(PROVIDED DATA Opens)

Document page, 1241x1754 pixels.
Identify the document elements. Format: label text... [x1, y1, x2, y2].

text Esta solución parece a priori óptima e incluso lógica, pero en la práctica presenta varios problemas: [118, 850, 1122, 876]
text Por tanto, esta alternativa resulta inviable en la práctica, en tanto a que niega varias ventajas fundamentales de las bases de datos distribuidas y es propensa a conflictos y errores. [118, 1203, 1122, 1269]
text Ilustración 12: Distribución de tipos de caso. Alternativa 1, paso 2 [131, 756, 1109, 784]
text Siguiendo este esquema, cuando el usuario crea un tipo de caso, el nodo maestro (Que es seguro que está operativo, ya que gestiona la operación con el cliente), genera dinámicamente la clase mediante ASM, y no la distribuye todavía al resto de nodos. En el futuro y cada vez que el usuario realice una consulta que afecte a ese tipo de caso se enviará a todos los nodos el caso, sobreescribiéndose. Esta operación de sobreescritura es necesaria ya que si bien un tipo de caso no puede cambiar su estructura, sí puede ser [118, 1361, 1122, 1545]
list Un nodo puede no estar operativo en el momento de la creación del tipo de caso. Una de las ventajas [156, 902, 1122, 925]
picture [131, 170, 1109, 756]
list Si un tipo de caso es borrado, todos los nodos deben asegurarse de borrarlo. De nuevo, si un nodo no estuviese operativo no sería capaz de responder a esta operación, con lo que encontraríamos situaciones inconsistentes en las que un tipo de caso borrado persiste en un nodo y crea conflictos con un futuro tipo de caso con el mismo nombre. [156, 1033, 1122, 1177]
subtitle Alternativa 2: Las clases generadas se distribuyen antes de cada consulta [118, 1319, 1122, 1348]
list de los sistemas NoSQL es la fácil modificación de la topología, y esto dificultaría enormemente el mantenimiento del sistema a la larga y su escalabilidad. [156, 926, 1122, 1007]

(PROVIDED DATA Closes)

Type out the whole listing once more, exactly as written.

Document page, 1241x1754 pixels.
Identify the document elements. Format: label text... [x1, y1, x2, y2].

text Esta solución parece a priori óptima e incluso lógica, pero en la práctica presenta varios problemas: [118, 850, 1122, 876]
text Por tanto, esta alternativa resulta inviable en la práctica, en tanto a que niega varias ventajas fundamentales de las bases de datos distribuidas y es propensa a conflictos y errores. [118, 1203, 1122, 1269]
text Ilustración 12: Distribución de tipos de caso. Alternativa 1, paso 2 [131, 756, 1109, 784]
text Siguiendo este esquema, cuando el usuario crea un tipo de caso, el nodo maestro (Que es seguro que está operativo, ya que gestiona la operación con el cliente), genera dinámicamente la clase mediante ASM, y no la distribuye todavía al resto de nodos. En el futuro y cada vez que el usuario realice una consulta que afecte a ese tipo de caso se enviará a todos los nodos el caso, sobreescribiéndose. Esta operación de sobreescritura es necesaria ya que si bien un tipo de caso no puede cambiar su estructura, sí puede ser [118, 1361, 1122, 1545]
list Un nodo puede no estar operativo en el momento de la creación del tipo de caso. Una de las ventajas [156, 902, 1122, 925]
picture [131, 170, 1109, 756]
list Si un tipo de caso es borrado, todos los nodos deben asegurarse de borrarlo. De nuevo, si un nodo no estuviese operativo no sería capaz de responder a esta operación, con lo que encontraríamos situaciones inconsistentes en las que un tipo de caso borrado persiste en un nodo y crea conflictos con un futuro tipo de caso con el mismo nombre. [156, 1033, 1122, 1177]
subtitle Alternativa 2: Las clases generadas se distribuyen antes de cada consulta [118, 1319, 1122, 1348]
list de los sistemas NoSQL es la fácil modificación de la topología, y esto dificultaría enormemente el mantenimiento del sistema a la larga y su escalabilidad. [156, 926, 1122, 1007]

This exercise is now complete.